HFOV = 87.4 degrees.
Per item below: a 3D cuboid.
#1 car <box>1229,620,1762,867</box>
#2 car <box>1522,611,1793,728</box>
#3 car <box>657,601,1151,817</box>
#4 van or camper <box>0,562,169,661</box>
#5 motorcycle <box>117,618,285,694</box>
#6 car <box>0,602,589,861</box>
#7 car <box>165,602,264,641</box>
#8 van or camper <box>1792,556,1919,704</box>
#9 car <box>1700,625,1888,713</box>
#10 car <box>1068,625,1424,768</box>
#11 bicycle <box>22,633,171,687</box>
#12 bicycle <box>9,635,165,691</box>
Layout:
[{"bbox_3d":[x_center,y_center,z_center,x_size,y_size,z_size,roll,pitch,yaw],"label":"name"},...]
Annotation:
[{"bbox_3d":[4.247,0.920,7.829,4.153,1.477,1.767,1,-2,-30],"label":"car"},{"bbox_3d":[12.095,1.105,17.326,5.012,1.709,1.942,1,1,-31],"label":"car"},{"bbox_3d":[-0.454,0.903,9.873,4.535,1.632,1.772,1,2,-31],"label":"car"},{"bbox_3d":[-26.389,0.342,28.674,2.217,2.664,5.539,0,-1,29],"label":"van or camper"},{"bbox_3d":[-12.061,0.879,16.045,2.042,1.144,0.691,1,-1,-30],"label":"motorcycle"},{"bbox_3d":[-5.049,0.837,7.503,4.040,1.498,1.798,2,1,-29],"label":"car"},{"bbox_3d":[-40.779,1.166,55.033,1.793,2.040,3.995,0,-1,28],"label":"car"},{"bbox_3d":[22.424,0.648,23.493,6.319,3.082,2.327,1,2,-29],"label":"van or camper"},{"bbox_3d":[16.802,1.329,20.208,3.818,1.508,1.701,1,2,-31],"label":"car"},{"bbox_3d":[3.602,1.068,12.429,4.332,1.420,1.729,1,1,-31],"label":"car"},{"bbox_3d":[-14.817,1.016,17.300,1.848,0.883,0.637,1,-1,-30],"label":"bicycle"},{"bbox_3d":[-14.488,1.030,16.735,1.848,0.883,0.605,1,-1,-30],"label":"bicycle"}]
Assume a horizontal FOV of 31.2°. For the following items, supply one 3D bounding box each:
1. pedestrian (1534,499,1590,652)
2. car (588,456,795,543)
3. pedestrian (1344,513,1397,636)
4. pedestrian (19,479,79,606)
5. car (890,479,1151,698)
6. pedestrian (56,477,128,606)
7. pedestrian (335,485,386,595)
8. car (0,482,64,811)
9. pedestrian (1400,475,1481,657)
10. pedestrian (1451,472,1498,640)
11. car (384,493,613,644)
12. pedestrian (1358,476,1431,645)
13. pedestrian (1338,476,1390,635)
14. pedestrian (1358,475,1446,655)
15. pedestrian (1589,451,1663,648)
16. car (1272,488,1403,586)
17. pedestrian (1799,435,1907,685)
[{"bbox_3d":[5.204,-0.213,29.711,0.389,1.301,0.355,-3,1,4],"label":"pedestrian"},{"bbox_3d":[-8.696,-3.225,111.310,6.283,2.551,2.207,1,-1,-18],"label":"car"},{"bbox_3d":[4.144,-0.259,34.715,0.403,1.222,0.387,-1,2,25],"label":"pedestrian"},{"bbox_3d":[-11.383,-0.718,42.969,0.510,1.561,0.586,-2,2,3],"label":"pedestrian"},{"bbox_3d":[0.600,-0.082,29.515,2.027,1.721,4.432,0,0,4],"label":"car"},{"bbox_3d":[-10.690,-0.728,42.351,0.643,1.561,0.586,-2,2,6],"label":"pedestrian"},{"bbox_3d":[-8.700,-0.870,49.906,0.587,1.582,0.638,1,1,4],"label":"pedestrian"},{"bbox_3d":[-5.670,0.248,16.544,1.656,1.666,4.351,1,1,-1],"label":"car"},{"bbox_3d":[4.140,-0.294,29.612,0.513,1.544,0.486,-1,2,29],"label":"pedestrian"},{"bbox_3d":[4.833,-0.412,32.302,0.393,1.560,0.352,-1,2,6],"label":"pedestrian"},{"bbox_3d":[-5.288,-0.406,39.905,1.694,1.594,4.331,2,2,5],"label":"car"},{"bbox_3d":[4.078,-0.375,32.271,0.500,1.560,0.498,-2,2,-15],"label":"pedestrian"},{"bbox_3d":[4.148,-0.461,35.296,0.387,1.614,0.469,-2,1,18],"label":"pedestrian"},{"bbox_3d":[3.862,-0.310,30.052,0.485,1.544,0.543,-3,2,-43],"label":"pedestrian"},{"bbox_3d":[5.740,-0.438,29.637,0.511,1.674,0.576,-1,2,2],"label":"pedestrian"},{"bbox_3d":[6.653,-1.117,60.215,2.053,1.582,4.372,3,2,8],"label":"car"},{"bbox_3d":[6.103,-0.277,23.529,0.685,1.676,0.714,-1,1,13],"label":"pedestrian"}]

****************************************

Requirement: Restate the listing above word for word.

Answer for this exercise:
HFOV = 87.4 degrees.
Per item below: a 3D cuboid.
#1 car <box>1229,620,1762,867</box>
#2 car <box>1522,611,1793,728</box>
#3 car <box>657,601,1151,817</box>
#4 van or camper <box>0,562,169,661</box>
#5 motorcycle <box>117,618,285,694</box>
#6 car <box>0,602,589,861</box>
#7 car <box>165,602,264,641</box>
#8 van or camper <box>1792,556,1919,704</box>
#9 car <box>1700,625,1888,713</box>
#10 car <box>1068,625,1424,768</box>
#11 bicycle <box>22,633,171,687</box>
#12 bicycle <box>9,635,165,691</box>
Layout:
[{"bbox_3d":[x_center,y_center,z_center,x_size,y_size,z_size,roll,pitch,yaw],"label":"name"},...]
Annotation:
[{"bbox_3d":[4.247,0.920,7.829,4.153,1.477,1.767,1,-2,-30],"label":"car"},{"bbox_3d":[12.095,1.105,17.326,5.012,1.709,1.942,1,1,-31],"label":"car"},{"bbox_3d":[-0.454,0.903,9.873,4.535,1.632,1.772,1,2,-31],"label":"car"},{"bbox_3d":[-26.389,0.342,28.674,2.217,2.664,5.539,0,-1,29],"label":"van or camper"},{"bbox_3d":[-12.061,0.879,16.045,2.042,1.144,0.691,1,-1,-30],"label":"motorcycle"},{"bbox_3d":[-5.049,0.837,7.503,4.040,1.498,1.798,2,1,-29],"label":"car"},{"bbox_3d":[-40.779,1.166,55.033,1.793,2.040,3.995,0,-1,28],"label":"car"},{"bbox_3d":[22.424,0.648,23.493,6.319,3.082,2.327,1,2,-29],"label":"van or camper"},{"bbox_3d":[16.802,1.329,20.208,3.818,1.508,1.701,1,2,-31],"label":"car"},{"bbox_3d":[3.602,1.068,12.429,4.332,1.420,1.729,1,1,-31],"label":"car"},{"bbox_3d":[-14.817,1.016,17.300,1.848,0.883,0.637,1,-1,-30],"label":"bicycle"},{"bbox_3d":[-14.488,1.030,16.735,1.848,0.883,0.605,1,-1,-30],"label":"bicycle"}]
Assume a horizontal FOV of 31.2°. For the following items, supply one 3D bounding box each:
1. pedestrian (1534,499,1590,652)
2. car (588,456,795,543)
3. pedestrian (1344,513,1397,636)
4. pedestrian (19,479,79,606)
5. car (890,479,1151,698)
6. pedestrian (56,477,128,606)
7. pedestrian (335,485,386,595)
8. car (0,482,64,811)
9. pedestrian (1400,475,1481,657)
10. pedestrian (1451,472,1498,640)
11. car (384,493,613,644)
12. pedestrian (1358,476,1431,645)
13. pedestrian (1338,476,1390,635)
14. pedestrian (1358,475,1446,655)
15. pedestrian (1589,451,1663,648)
16. car (1272,488,1403,586)
17. pedestrian (1799,435,1907,685)
[{"bbox_3d":[5.204,-0.213,29.711,0.389,1.301,0.355,-3,1,4],"label":"pedestrian"},{"bbox_3d":[-8.696,-3.225,111.310,6.283,2.551,2.207,1,-1,-18],"label":"car"},{"bbox_3d":[4.144,-0.259,34.715,0.403,1.222,0.387,-1,2,25],"label":"pedestrian"},{"bbox_3d":[-11.383,-0.718,42.969,0.510,1.561,0.586,-2,2,3],"label":"pedestrian"},{"bbox_3d":[0.600,-0.082,29.515,2.027,1.721,4.432,0,0,4],"label":"car"},{"bbox_3d":[-10.690,-0.728,42.351,0.643,1.561,0.586,-2,2,6],"label":"pedestrian"},{"bbox_3d":[-8.700,-0.870,49.906,0.587,1.582,0.638,1,1,4],"label":"pedestrian"},{"bbox_3d":[-5.670,0.248,16.544,1.656,1.666,4.351,1,1,-1],"label":"car"},{"bbox_3d":[4.140,-0.294,29.612,0.513,1.544,0.486,-1,2,29],"label":"pedestrian"},{"bbox_3d":[4.833,-0.412,32.302,0.393,1.560,0.352,-1,2,6],"label":"pedestrian"},{"bbox_3d":[-5.288,-0.406,39.905,1.694,1.594,4.331,2,2,5],"label":"car"},{"bbox_3d":[4.078,-0.375,32.271,0.500,1.560,0.498,-2,2,-15],"label":"pedestrian"},{"bbox_3d":[4.148,-0.461,35.296,0.387,1.614,0.469,-2,1,18],"label":"pedestrian"},{"bbox_3d":[3.862,-0.310,30.052,0.485,1.544,0.543,-3,2,-43],"label":"pedestrian"},{"bbox_3d":[5.740,-0.438,29.637,0.511,1.674,0.576,-1,2,2],"label":"pedestrian"},{"bbox_3d":[6.653,-1.117,60.215,2.053,1.582,4.372,3,2,8],"label":"car"},{"bbox_3d":[6.103,-0.277,23.529,0.685,1.676,0.714,-1,1,13],"label":"pedestrian"}]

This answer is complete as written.